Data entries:
──────────────────────────────
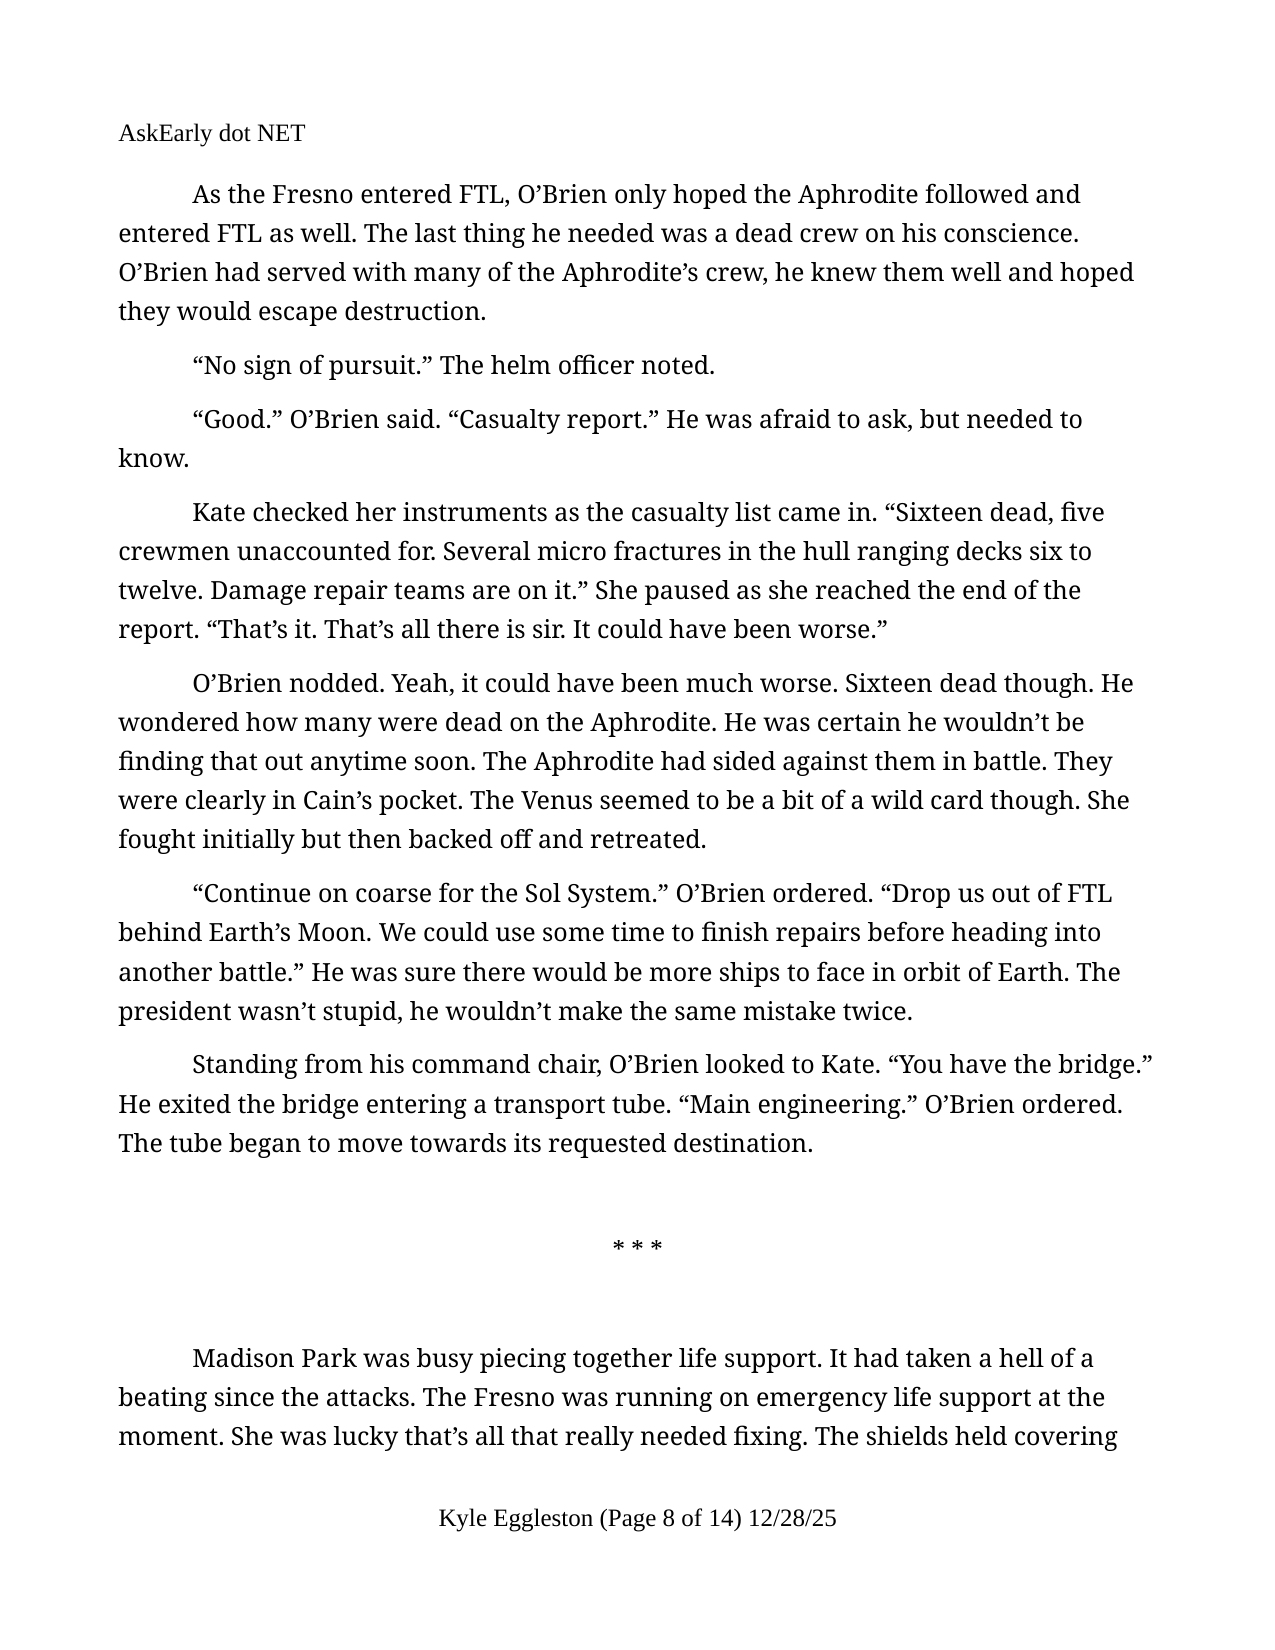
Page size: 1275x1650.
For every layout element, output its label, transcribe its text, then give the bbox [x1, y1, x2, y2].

text Standing from his command chair, O’Brien looked to Kate. “You have the bridge.” He exited the bridge entering a transport tube. “Main engineering.” O’Brien ordered. The tube began to move towards its requested destination. [118, 1047, 1157, 1159]
text “No sign of pursuit.” The helm officer noted. [118, 348, 1157, 382]
text * * * [118, 1233, 1157, 1267]
text O’Brien nodded. Yeah, it could have been much worse. Sixteen dead though. He wondered how many were dead on the Aphrodite. He was certain he wouldn’t be finding that out anytime soon. The Aphrodite had sided against them in battle. They were clearly in Cain’s pocket. The Venus seemed to be a bit of a wild card though. She fought initially but then backed off and retreated. [118, 666, 1157, 856]
text As the Fresno entered FTL, O’Brien only hoped the Aphrodite followed and entered FTL as well. The last thing he needed was a dead crew on his conscience. O’Brien had served with many of the Aphrodite’s crew, he knew them well and hoped they would escape destruction. [118, 176, 1157, 328]
text Madison Park was busy piecing together life support. It had taken a hell of a beating since the attacks. The Fresno was running on emergency life support at the moment. She was lucky that’s all that really needed fixing. The shields held covering [118, 1341, 1157, 1453]
text Kate checked her instruments as the casualty list came in. “Sixteen dead, five crewmen unaccounted for. Several micro fractures in the hull ranging decks six to twelve. Damage repair teams are on it.” She paused as she reached the end of the report. “That’s it. That’s all there is sir. It could have been worse.” [118, 494, 1157, 646]
text “Continue on coarse for the Sol System.” O’Brien ordered. “Drop us out of FTL behind Earth’s Moon. We could use some time to finish repairs before heading into another battle.” He was sure there would be more ships to face in orbit of Earth. The president wasn’t stupid, he wouldn’t make the same mistake twice. [118, 876, 1157, 1027]
text “Good.” O’Brien said. “Casualty report.” He was afraid to ask, but needed to know. [118, 401, 1157, 474]
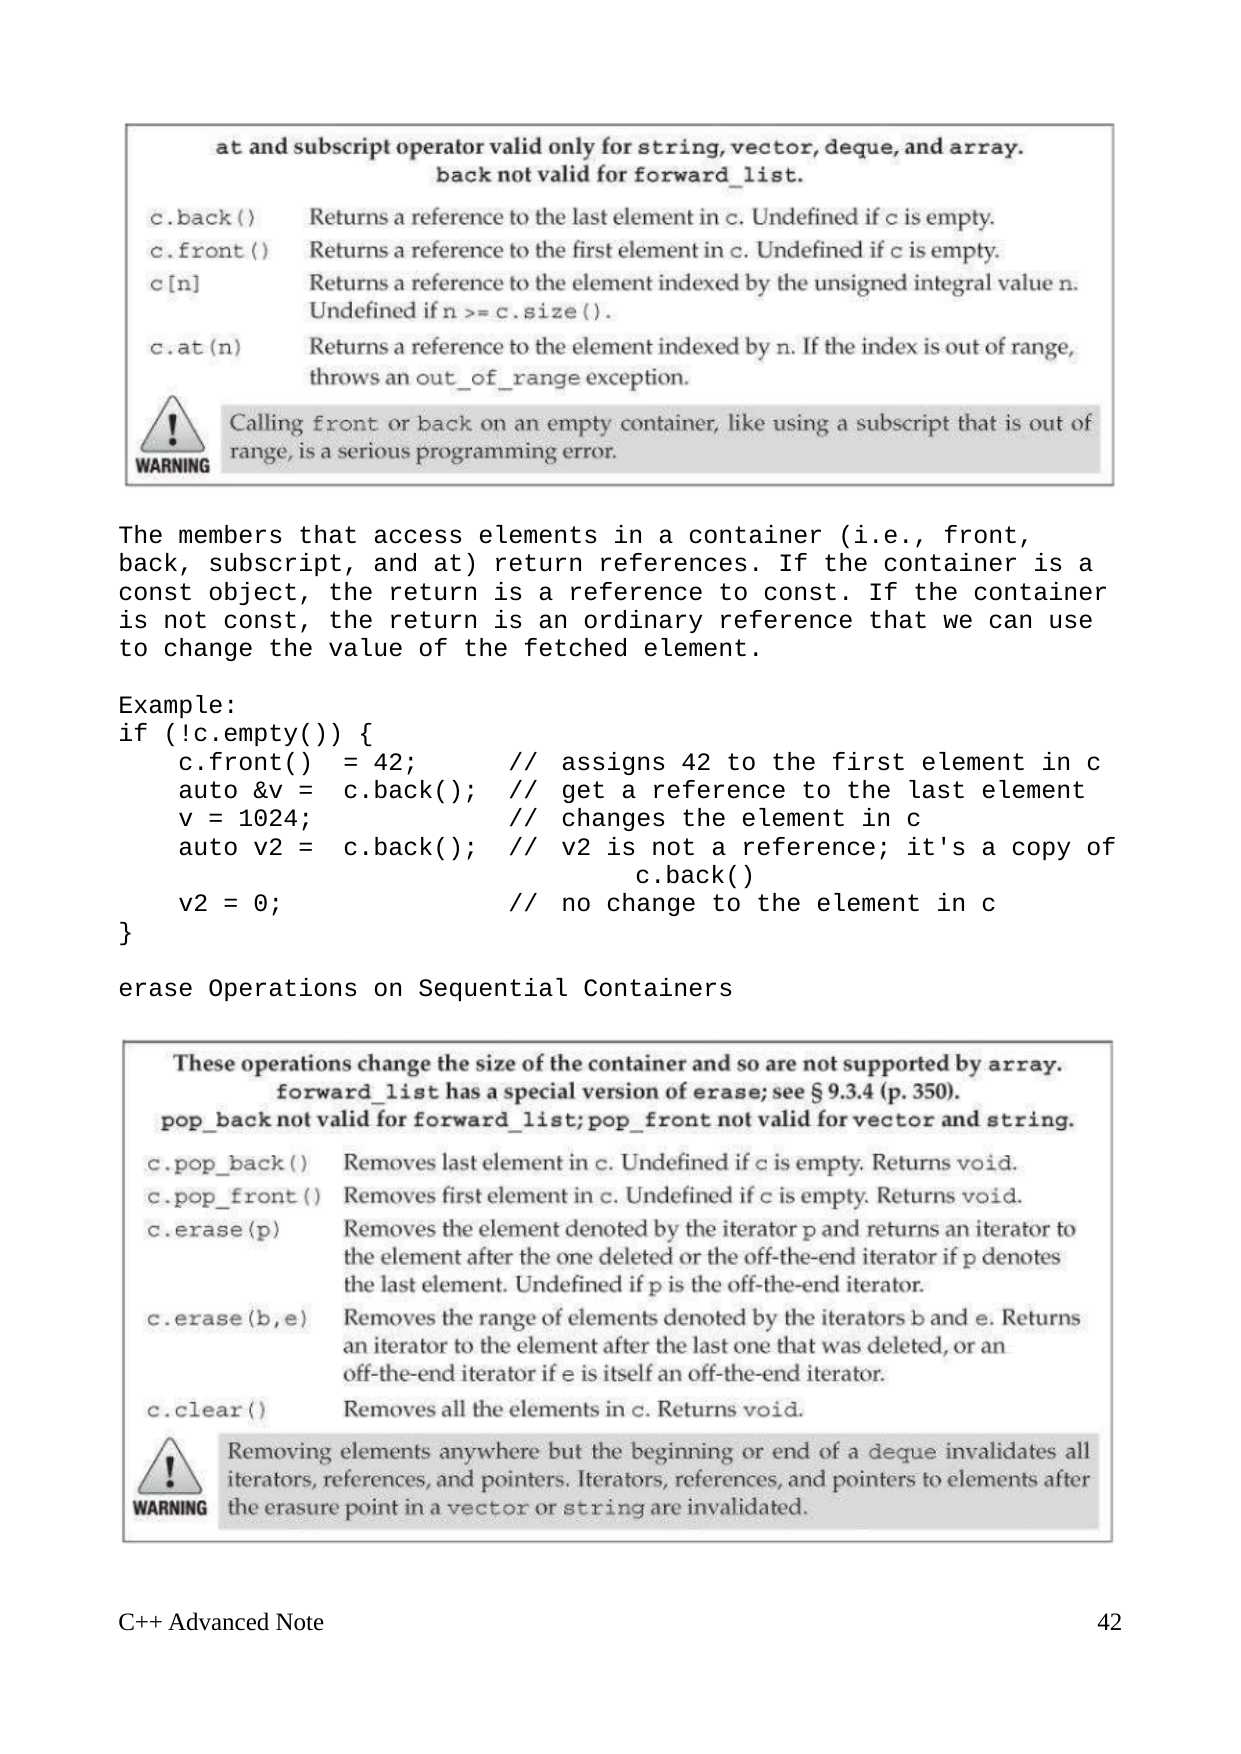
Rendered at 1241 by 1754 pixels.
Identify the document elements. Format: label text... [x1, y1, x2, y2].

text v2 = 0; // no change to the element in c [118, 891, 1122, 919]
text c.front() = 42; // assigns 42 to the first element in c [118, 749, 1122, 777]
picture [118, 118, 1123, 495]
text The members that access elements in a container (i.e., front, back, subscript, and at) return references. If the container is a const object, the return is a reference to const. If the container is not const, the return is an ordinary reference that we can use to change the value of the fetched element. [118, 522, 1122, 664]
text } [118, 919, 1122, 947]
text erase Operations on Sequential Containers [118, 976, 1122, 1004]
text auto &v = c.back(); // get a reference to the last element [118, 777, 1122, 806]
picture [118, 1032, 1123, 1552]
text v = 1024; // changes the element in c [118, 806, 1122, 834]
text auto v2 = c.back(); // v2 is not a reference; it's a copy of c.back() [118, 834, 1122, 891]
text if (!c.empty()) { [118, 721, 1122, 749]
text Example: [118, 692, 1122, 721]
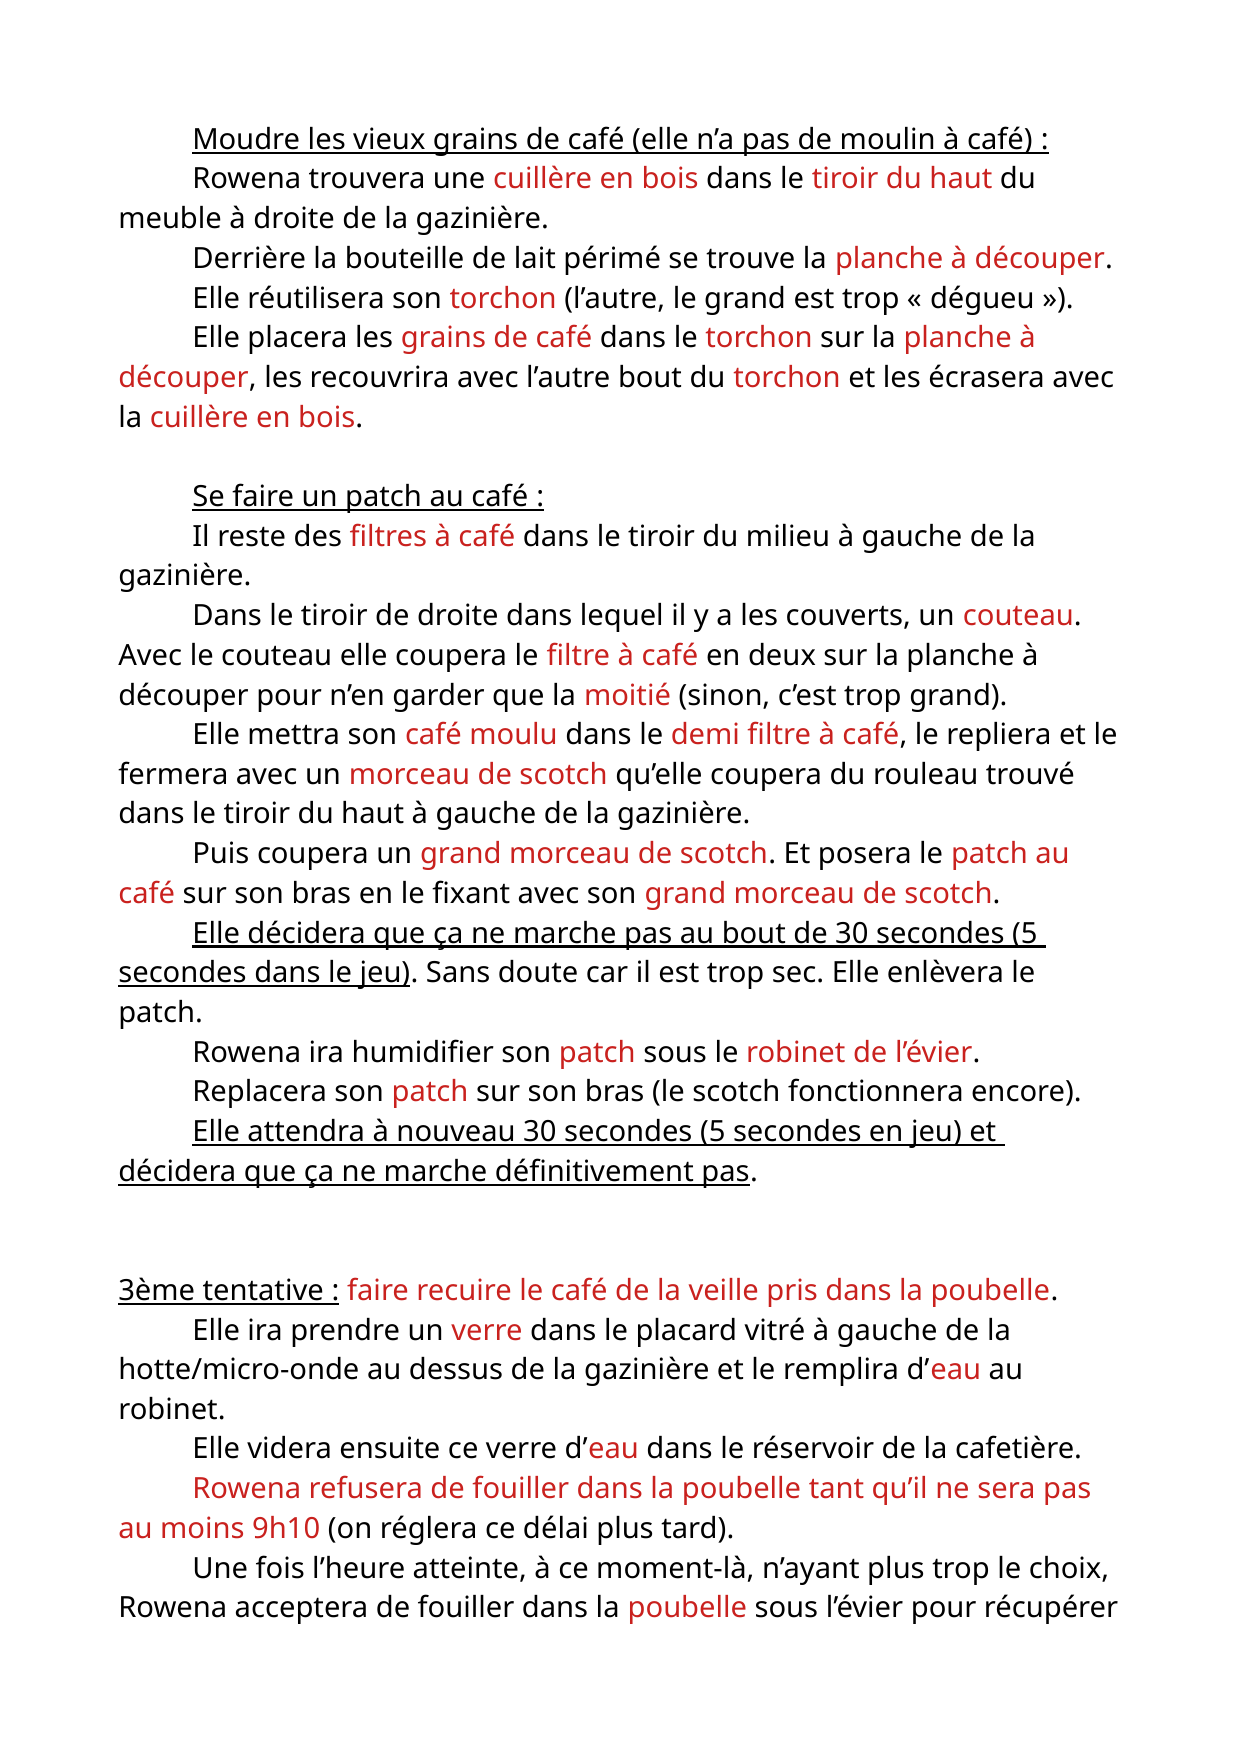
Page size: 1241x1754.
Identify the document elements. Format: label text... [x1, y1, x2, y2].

text Derrière la bouteille de lait périmé se trouve la planche à découper. [118, 237, 1122, 277]
text Elle mettra son café moulu dans le demi filtre à café, le repliera et le fermera avec un morceau de scotch qu’elle coupera du rouleau trouvé dans le tiroir du haut à gauche de la gazinière. [118, 713, 1122, 832]
text Il reste des filtres à café dans le tiroir du milieu à gauche de la gazinière. [118, 515, 1122, 594]
text Rowena trouvera une cuillère en bois dans le tiroir du haut du meuble à droite de la gazinière. [118, 158, 1122, 237]
text Moudre les vieux grains de café (elle n’a pas de moulin à café) : [118, 118, 1122, 158]
text Elle placera les grains de café dans le torchon sur la planche à découper, les recouvrira avec l’autre bout du torchon et les écrasera avec la cuillère en bois. [118, 317, 1122, 436]
text Elle videra ensuite ce verre d’eau dans le réservoir de la cafetière. [118, 1428, 1122, 1467]
text Puis coupera un grand morceau de scotch. Et posera le patch au café sur son bras en le fixant avec son grand morceau de scotch. [118, 832, 1122, 912]
text Se faire un patch au café : [118, 475, 1122, 515]
text Elle ira prendre un verre dans le placard vitré à gauche de la hotte/micro-onde au dessus de la gazinière et le remplira d’eau au robinet. [118, 1309, 1122, 1428]
text Elle décidera que ça ne marche pas au bout de 30 secondes (5 secondes dans le jeu). Sans doute car il est trop sec. Elle enlèvera le patch. [118, 912, 1122, 1031]
text Elle attendra à nouveau 30 secondes (5 secondes en jeu) et décidera que ça ne marche définitivement pas. [118, 1110, 1122, 1190]
text Replacera son patch sur son bras (le scotch fonctionnera encore). [118, 1071, 1122, 1110]
text Rowena refusera de fouiller dans la poubelle tant qu’il ne sera pas au moins 9h10 (on réglera ce délai plus tard). [118, 1467, 1122, 1547]
text 3ème tentative : faire recuire le café de la veille pris dans la poubelle. [118, 1269, 1122, 1309]
text Une fois l’heure atteinte, à ce moment-là, n’ayant plus trop le choix, Rowena acceptera de fouiller dans la poubelle sous l’évier pour récupérer [118, 1547, 1122, 1626]
text Rowena ira humidifier son patch sous le robinet de l’évier. [118, 1031, 1122, 1071]
text Dans le tiroir de droite dans lequel il y a les couverts, un couteau. Avec le couteau elle coupera le filtre à café en deux sur la planche à découper pour n’en garder que la moitié (sinon, c’est trop grand). [118, 594, 1122, 713]
text Elle réutilisera son torchon (l’autre, le grand est trop « dégueu »). [118, 277, 1122, 317]
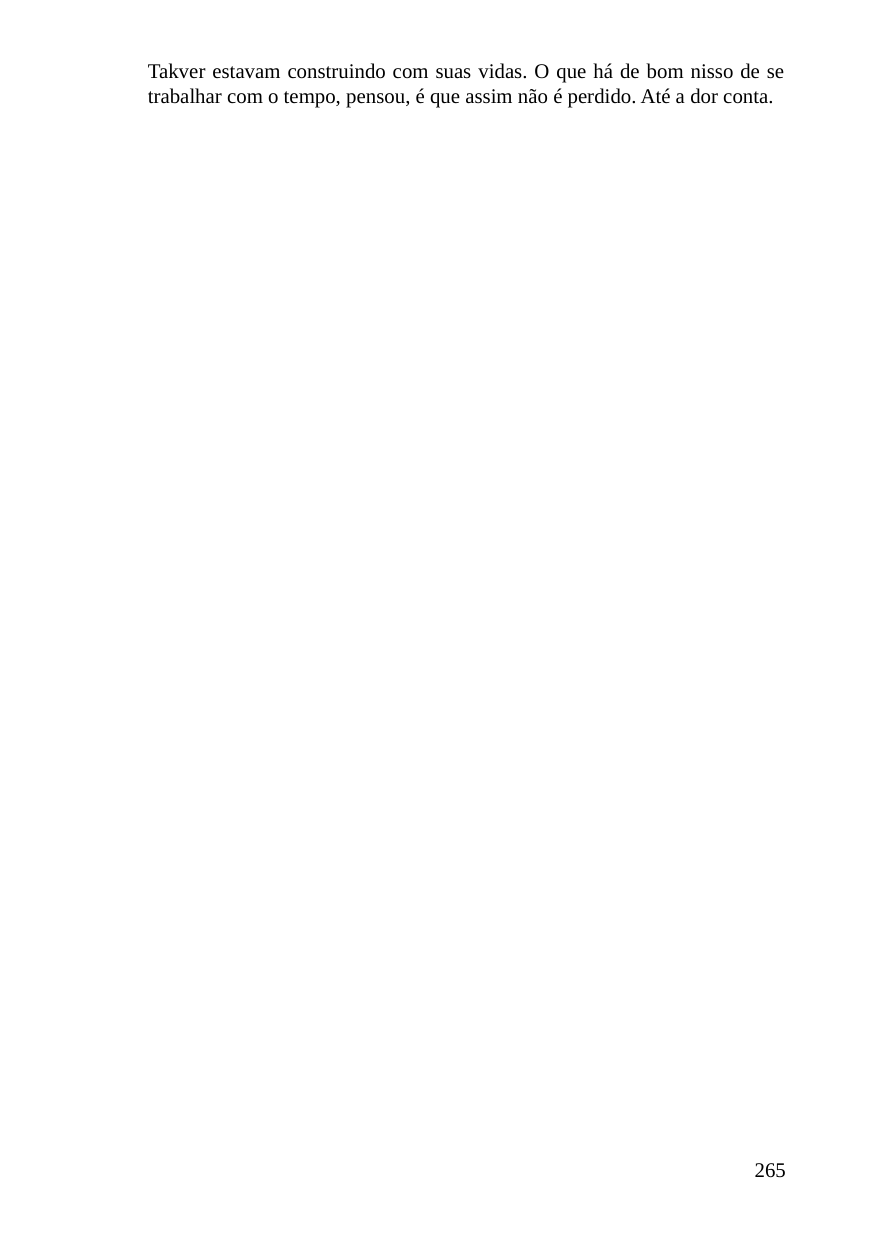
──────────────────────────────
INSTRUCTIONS TO FOLLOW :: An exact copy of the lines above from the one with "text erase Operations" up to and including the one with "text Derrière la" is required; reproduce only those lines, omitting all pictures.

WRITTEN ANSWER ::
text erase Operations on Sequential Containers [118, 976, 1122, 1004]
text auto &v = c.back(); // get a reference to the last element [118, 777, 1122, 806]
picture [118, 1032, 1123, 1552]
text v = 1024; // changes the element in c [118, 806, 1122, 834]
text auto v2 = c.back(); // v2 is not a reference; it's a copy of c.back() [118, 834, 1122, 891]
text if (!c.empty()) { [118, 721, 1122, 749]
text Example: [118, 692, 1122, 721]
Page size: 1241x1754.
Identify the document elements. Format: label text... [x1, y1, x2, y2].

text Derrière la bouteille de lait périmé se trouve la planche à découper. [118, 237, 1122, 277]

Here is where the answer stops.